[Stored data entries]
========================================

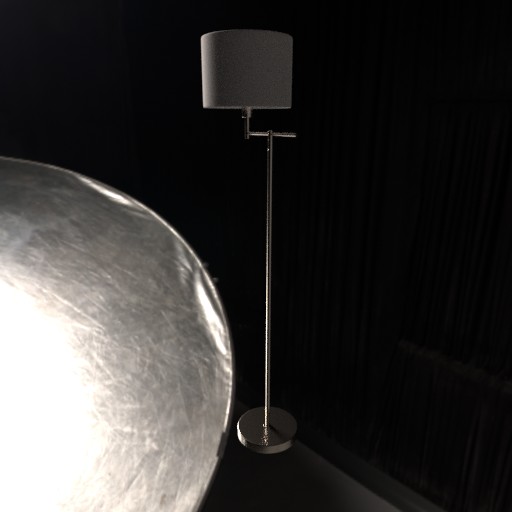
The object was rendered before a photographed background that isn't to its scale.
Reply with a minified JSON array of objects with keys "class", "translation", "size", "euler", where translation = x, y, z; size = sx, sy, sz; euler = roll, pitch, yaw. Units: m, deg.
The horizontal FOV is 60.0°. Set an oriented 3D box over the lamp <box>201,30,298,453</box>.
[{"class":"lamp","translation":[0.000,0.000,1.781],"size":[0.324,1.600,0.416],"euler":[-16,23,-42]}]
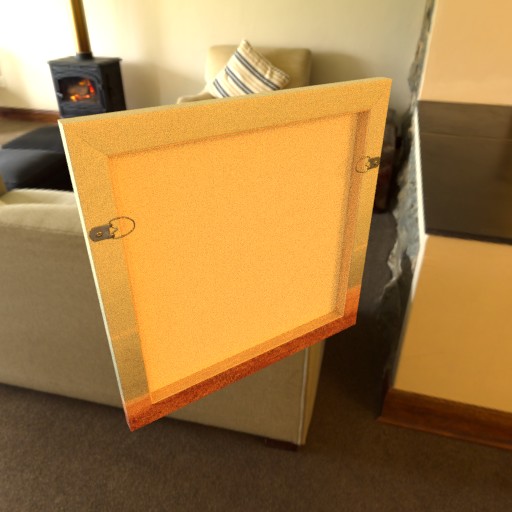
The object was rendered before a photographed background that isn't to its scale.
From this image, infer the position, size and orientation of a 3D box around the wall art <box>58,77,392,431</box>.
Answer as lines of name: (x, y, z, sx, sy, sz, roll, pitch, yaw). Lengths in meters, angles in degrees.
wall art: (0.000, 0.000, 0.871, 0.605, 0.605, 0.034, -19, 36, -28)
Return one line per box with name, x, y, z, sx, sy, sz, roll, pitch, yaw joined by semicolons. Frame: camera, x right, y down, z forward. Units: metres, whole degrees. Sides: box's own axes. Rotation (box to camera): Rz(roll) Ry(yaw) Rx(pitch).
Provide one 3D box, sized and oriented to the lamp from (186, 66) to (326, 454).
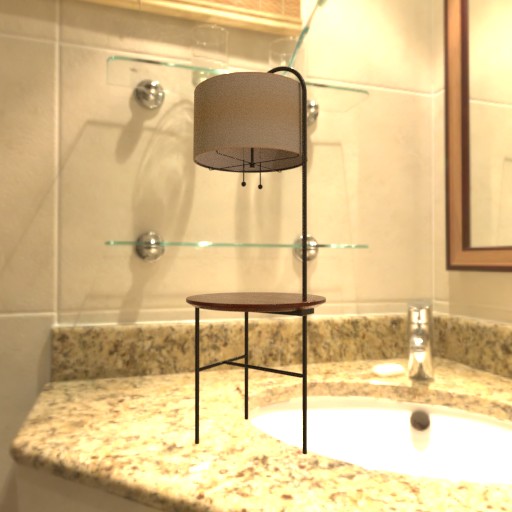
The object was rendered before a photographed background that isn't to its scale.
lamp;0.000;0.000;1.838;0.573;1.517;0.573;0;0;0
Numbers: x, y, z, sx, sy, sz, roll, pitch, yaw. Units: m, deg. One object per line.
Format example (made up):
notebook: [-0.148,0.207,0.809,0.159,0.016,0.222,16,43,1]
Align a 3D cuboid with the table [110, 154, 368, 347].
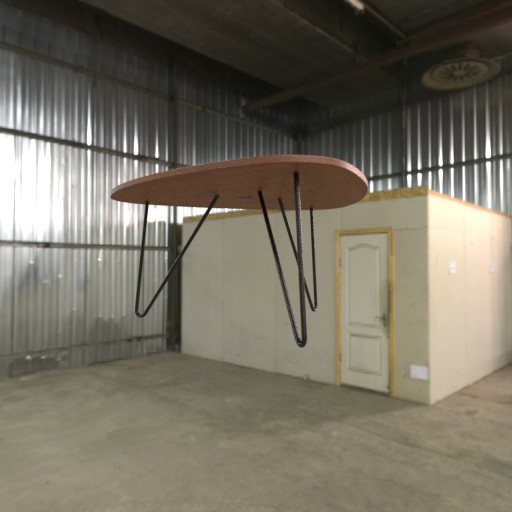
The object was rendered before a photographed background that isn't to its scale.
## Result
table: [0.000,0.000,1.313,0.833,0.413,0.821,0,-1,-17]
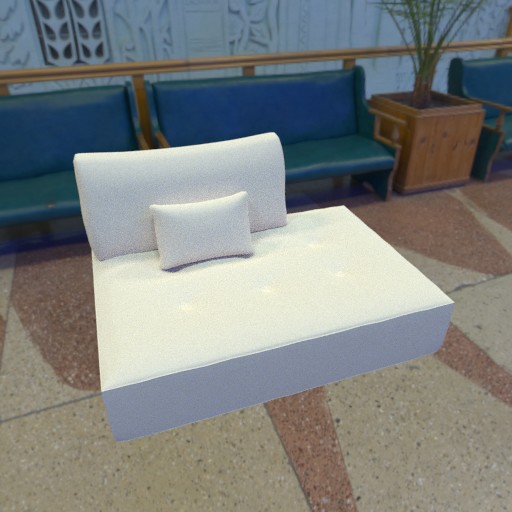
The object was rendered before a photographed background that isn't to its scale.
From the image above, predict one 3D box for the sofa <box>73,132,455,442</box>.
[{"bbox_3d":[0.000,0.000,2.027,1.450,0.820,1.000,-11,35,-16],"label":"sofa"}]
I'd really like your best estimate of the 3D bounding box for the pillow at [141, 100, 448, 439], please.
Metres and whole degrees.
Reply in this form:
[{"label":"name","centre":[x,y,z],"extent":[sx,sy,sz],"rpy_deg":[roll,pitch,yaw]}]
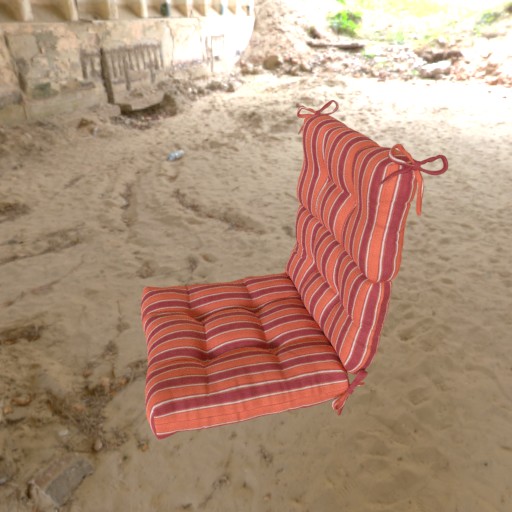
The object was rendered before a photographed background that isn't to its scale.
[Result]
[{"label":"pillow","centre":[0.000,0.000,1.035],"extent":[0.571,0.605,0.519],"rpy_deg":[-7,30,-13]}]
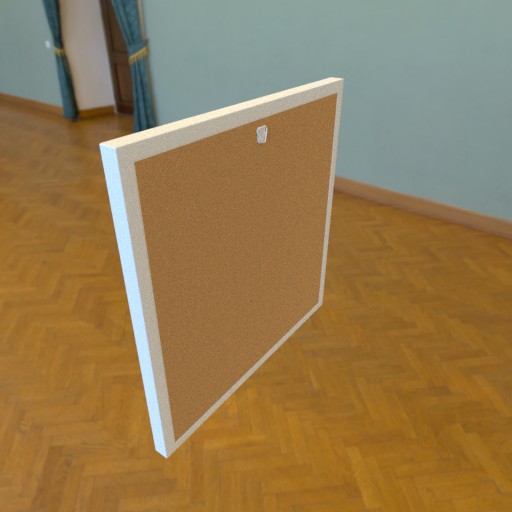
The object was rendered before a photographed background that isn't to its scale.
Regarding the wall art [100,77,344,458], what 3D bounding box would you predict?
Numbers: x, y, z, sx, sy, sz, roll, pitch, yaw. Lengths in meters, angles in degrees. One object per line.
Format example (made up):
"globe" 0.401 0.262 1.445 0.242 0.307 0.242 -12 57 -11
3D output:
"wall art" 0.000 0.000 1.140 0.050 0.762 0.761 21 37 31
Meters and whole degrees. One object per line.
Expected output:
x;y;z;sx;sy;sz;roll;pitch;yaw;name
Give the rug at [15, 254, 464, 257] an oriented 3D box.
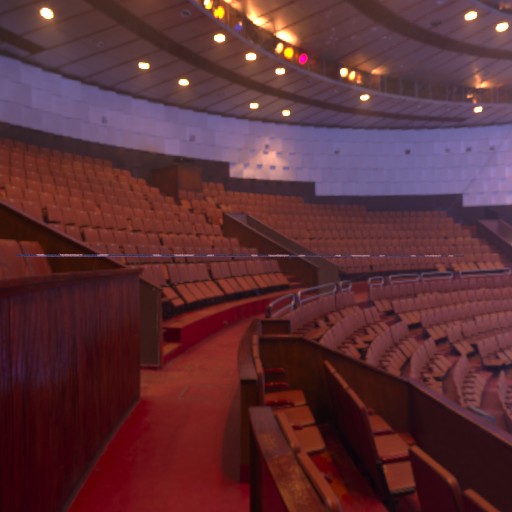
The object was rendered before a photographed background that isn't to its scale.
0.000;0.000;2.487;2.296;0.006;0.685;0;0;-20;rug
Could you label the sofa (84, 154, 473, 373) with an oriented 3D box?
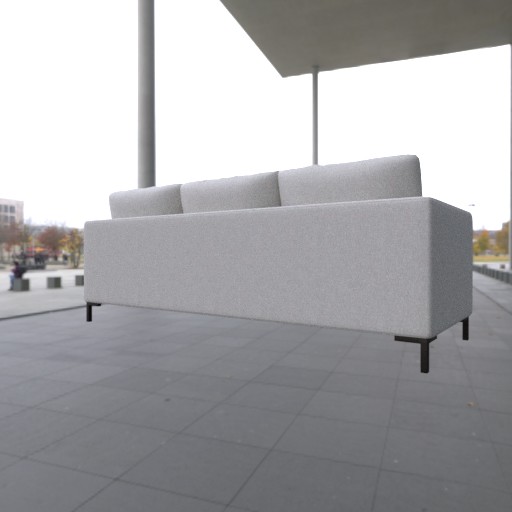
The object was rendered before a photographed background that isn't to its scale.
[{"bbox_3d":[0.000,0.000,2.632,2.218,0.874,0.859,0,0,36],"label":"sofa"}]
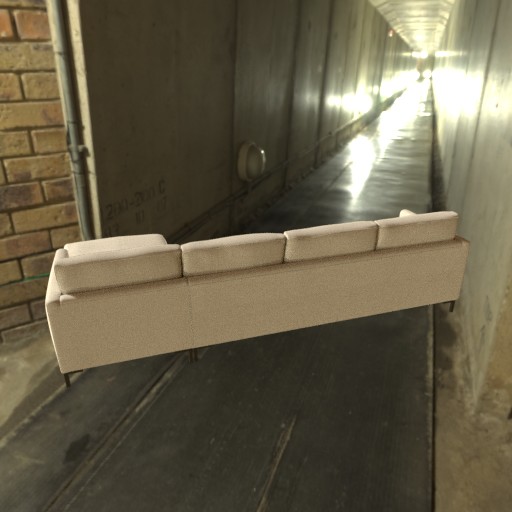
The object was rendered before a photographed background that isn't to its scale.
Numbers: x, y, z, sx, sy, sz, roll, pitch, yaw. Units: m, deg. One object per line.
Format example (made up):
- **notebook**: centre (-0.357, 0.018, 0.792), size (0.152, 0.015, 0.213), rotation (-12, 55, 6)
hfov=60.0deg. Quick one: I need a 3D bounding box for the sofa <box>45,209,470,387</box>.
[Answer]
- **sofa**: centre (0.000, 0.000, 2.917), size (2.445, 0.677, 1.126), rotation (-8, 26, -16)
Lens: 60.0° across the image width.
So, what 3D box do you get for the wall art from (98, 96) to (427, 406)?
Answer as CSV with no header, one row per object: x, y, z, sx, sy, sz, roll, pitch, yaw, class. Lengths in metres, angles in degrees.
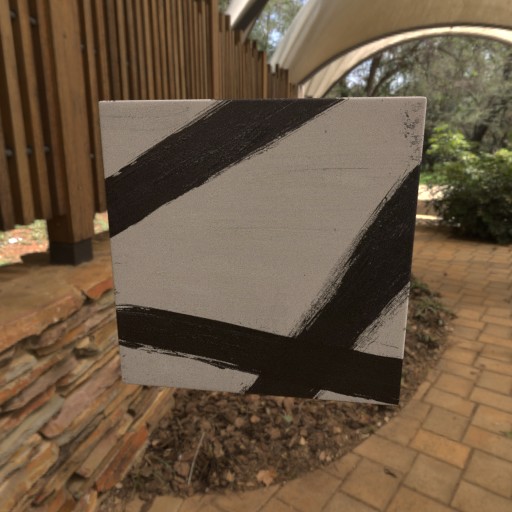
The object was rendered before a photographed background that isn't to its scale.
0.000,0.000,0.763,0.507,0.508,0.050,2,15,8,wall art
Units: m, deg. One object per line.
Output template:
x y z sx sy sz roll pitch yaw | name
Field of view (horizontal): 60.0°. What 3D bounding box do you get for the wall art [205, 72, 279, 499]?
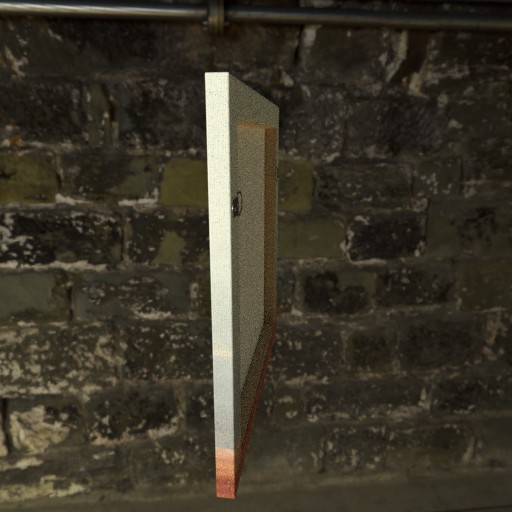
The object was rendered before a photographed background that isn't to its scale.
0.000 0.000 0.887 0.034 0.605 0.605 2 15 8 | wall art
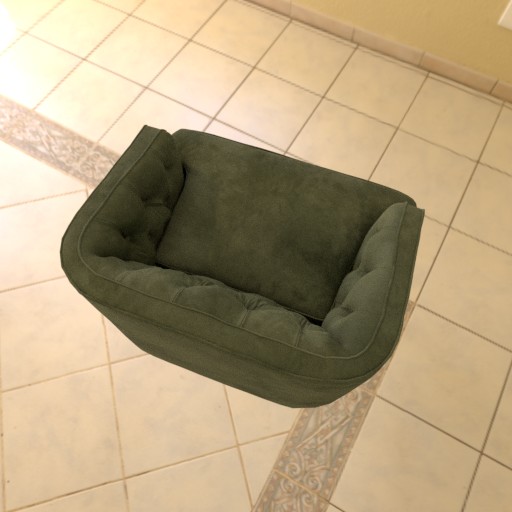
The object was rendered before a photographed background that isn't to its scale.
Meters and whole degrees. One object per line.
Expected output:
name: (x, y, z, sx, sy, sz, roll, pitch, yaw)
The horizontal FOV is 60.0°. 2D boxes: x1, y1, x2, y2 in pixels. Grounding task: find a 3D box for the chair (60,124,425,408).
chair: (0.000, 0.000, 1.743, 1.104, 0.852, 0.941, 19, 67, 8)
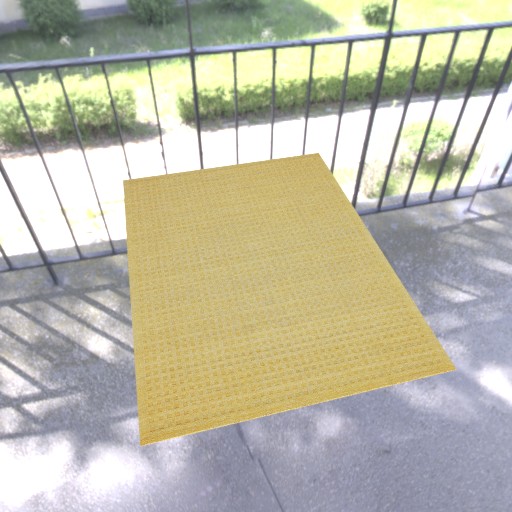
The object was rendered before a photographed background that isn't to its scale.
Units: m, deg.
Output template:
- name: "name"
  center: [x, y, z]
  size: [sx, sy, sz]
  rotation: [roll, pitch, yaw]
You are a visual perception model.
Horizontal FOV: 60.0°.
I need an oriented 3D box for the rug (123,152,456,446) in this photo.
- name: "rug"
  center: [0.000, 0.000, 4.429]
  size: [2.486, 0.015, 3.242]
  rotation: [-10, 46, -10]
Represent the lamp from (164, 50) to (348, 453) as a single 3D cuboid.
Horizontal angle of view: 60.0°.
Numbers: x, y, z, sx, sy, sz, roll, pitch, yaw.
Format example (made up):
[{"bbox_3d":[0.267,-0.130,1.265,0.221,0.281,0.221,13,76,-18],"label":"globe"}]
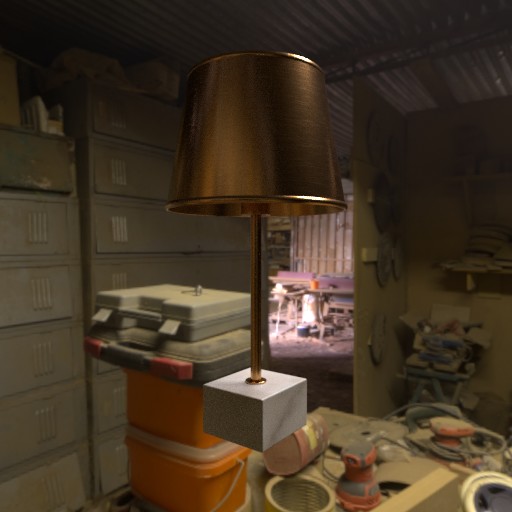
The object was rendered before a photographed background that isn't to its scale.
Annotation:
[{"bbox_3d":[0.000,0.000,0.515,0.208,0.406,0.208,0,1,0],"label":"lamp"}]
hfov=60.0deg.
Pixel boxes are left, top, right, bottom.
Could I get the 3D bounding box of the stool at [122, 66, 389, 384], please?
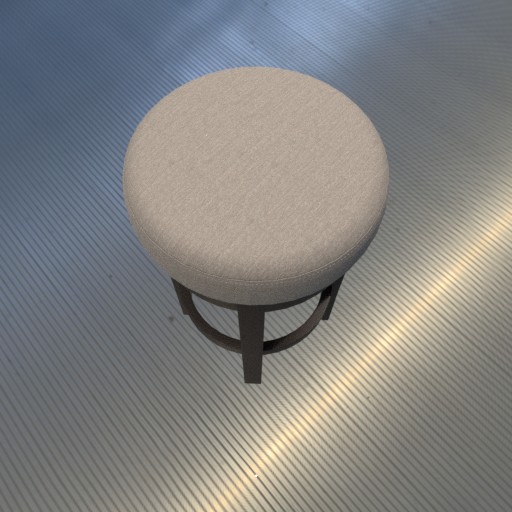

========================================

Assigned task — Leave images out of the retyped records; keep all else exact.

Answer space —
The object was rendered before a photographed background that isn't to its scale.
Reply with a minified JSON array of objects with keys "class", "translation", "size", "euler", where translation = x, y, z; size = sx, sy, sz; euler = roll, pitch, yaw. Units: m, deg.
The horizontal FOV is 60.0°. Set an oriented 3D box over the lamp <box>201,30,298,453</box>.
[{"class":"lamp","translation":[0.000,0.000,1.781],"size":[0.324,1.600,0.416],"euler":[-16,23,-42]}]
The object was rendered before a photographed background that isn't to its scale.
From this image, infer the position, size and orientation of a 3D box around the wall art <box>58,77,392,431</box>.
Answer as lines of name: (x, y, z, sx, sy, sz, roll, pitch, yaw). Lengths in meters, angles in degrees.
wall art: (0.000, 0.000, 0.871, 0.605, 0.605, 0.034, -19, 36, -28)
Return one line per box with name, x, y, z, sx, sy, sz, roll, pitch, yaw joined by semicolons. Frame: camera, x right, y down, z forward. Units: metres, whole degrees. Sides: box's own axes. Rotation (box to camera): Rz(roll) Ry(yaw) Rx(pitch).
Provide one 3D box, sized and oriented to the lamp from (186, 66) to (326, 454).
The object was rendered before a photographed background that isn't to its scale.
lamp;0.000;0.000;1.838;0.573;1.517;0.573;0;0;0
Numbers: x, y, z, sx, sy, sz, roll, pitch, yaw. Units: m, deg. One object per line.
Format example (made up):
notebook: [-0.148,0.207,0.809,0.159,0.016,0.222,16,43,1]
Align a 3D cuboid with the table [110, 154, 368, 347].
The object was rendered before a photographed background that isn't to its scale.
## Result
table: [0.000,0.000,1.313,0.833,0.413,0.821,0,-1,-17]
The object was rendered before a photographed background that isn't to its scale.
From the image above, predict one 3D box for the sofa <box>73,132,455,442</box>.
[{"bbox_3d":[0.000,0.000,2.027,1.450,0.820,1.000,-11,35,-16],"label":"sofa"}]
I'd really like your best estimate of the 3D bounding box for the pillow at [141, 100, 448, 439], please.
Metres and whole degrees.
Reply in this form:
[{"label":"name","centre":[x,y,z],"extent":[sx,sy,sz],"rpy_deg":[roll,pitch,yaw]}]
The object was rendered before a photographed background that isn't to its scale.
[Result]
[{"label":"pillow","centre":[0.000,0.000,1.035],"extent":[0.571,0.605,0.519],"rpy_deg":[-7,30,-13]}]
The object was rendered before a photographed background that isn't to its scale.
Regarding the wall art [100,77,344,458], what 3D bounding box would you predict?
Numbers: x, y, z, sx, sy, sz, roll, pitch, yaw. Lengths in meters, angles in degrees. One object per line.
Format example (made up):
"globe" 0.401 0.262 1.445 0.242 0.307 0.242 -12 57 -11
3D output:
"wall art" 0.000 0.000 1.140 0.050 0.762 0.761 21 37 31
Meters and whole degrees. One object per line.
Expected output:
x;y;z;sx;sy;sz;roll;pitch;yaw;name
Give the rug at [15, 254, 464, 257] an oriented 3D box.
The object was rendered before a photographed background that isn't to its scale.
0.000;0.000;2.487;2.296;0.006;0.685;0;0;-20;rug
Could you label the sofa (84, 154, 473, 373) with an oriented 3D box?
The object was rendered before a photographed background that isn't to its scale.
[{"bbox_3d":[0.000,0.000,2.632,2.218,0.874,0.859,0,0,36],"label":"sofa"}]
The object was rendered before a photographed background that isn't to its scale.
Numbers: x, y, z, sx, sy, sz, roll, pitch, yaw. Units: m, deg. One object per line.
Format example (made up):
- **notebook**: centre (-0.357, 0.018, 0.792), size (0.152, 0.015, 0.213), rotation (-12, 55, 6)
hfov=60.0deg. Quick one: I need a 3D bounding box for the sofa <box>45,209,470,387</box>.
[Answer]
- **sofa**: centre (0.000, 0.000, 2.917), size (2.445, 0.677, 1.126), rotation (-8, 26, -16)
Lens: 60.0° across the image width.
So, what 3D box do you get for the wall art from (98, 96) to (427, 406)?
Answer as CSV with no header, one row per object: x, y, z, sx, sy, sz, roll, pitch, yaw, class. Lengths in metres, angles in degrees.
The object was rendered before a photographed background that isn't to its scale.
0.000,0.000,0.763,0.507,0.508,0.050,2,15,8,wall art
Units: m, deg. One object per line.
Output template:
x y z sx sy sz roll pitch yaw | name
Field of view (horizontal): 60.0°. What 3D bounding box do you get for the wall art [205, 72, 279, 499]?
The object was rendered before a photographed background that isn't to its scale.
0.000 0.000 0.887 0.034 0.605 0.605 2 15 8 | wall art
The object was rendered before a photographed background that isn't to its scale.
Meters and whole degrees. One object per line.
Expected output:
name: (x, y, z, sx, sy, sz, roll, pitch, yaw)
The horizontal FOV is 60.0°. 2D boxes: x1, y1, x2, y2 in pixels. Grounding task: find a 3D box for the chair (60,124,425,408).
chair: (0.000, 0.000, 1.743, 1.104, 0.852, 0.941, 19, 67, 8)
The object was rendered before a photographed background that isn't to its scale.
Units: m, deg.
Output template:
- name: "name"
  center: [x, y, z]
  size: [sx, sy, sz]
  rotation: [roll, pitch, yaw]
You are a visual perception model.
Horizontal FOV: 60.0°.
I need an oriented 3D box for the rug (123,152,456,446) in this photo.
- name: "rug"
  center: [0.000, 0.000, 4.429]
  size: [2.486, 0.015, 3.242]
  rotation: [-10, 46, -10]
Represent the lamp from (164, 50) to (348, 453) as a single 3D cuboid.
Horizontal angle of view: 60.0°.
Numbers: x, y, z, sx, sy, sz, roll, pitch, yaw.
Format example (made up):
[{"bbox_3d":[0.267,-0.130,1.265,0.221,0.281,0.221,13,76,-18],"label":"globe"}]
The object was rendered before a photographed background that isn't to its scale.
Annotation:
[{"bbox_3d":[0.000,0.000,0.515,0.208,0.406,0.208,0,1,0],"label":"lamp"}]
hfov=60.0deg.
Pixel boxes are left, top, right, bottom.
Could I get the 3D bounding box of the stool at [122, 66, 389, 384], please?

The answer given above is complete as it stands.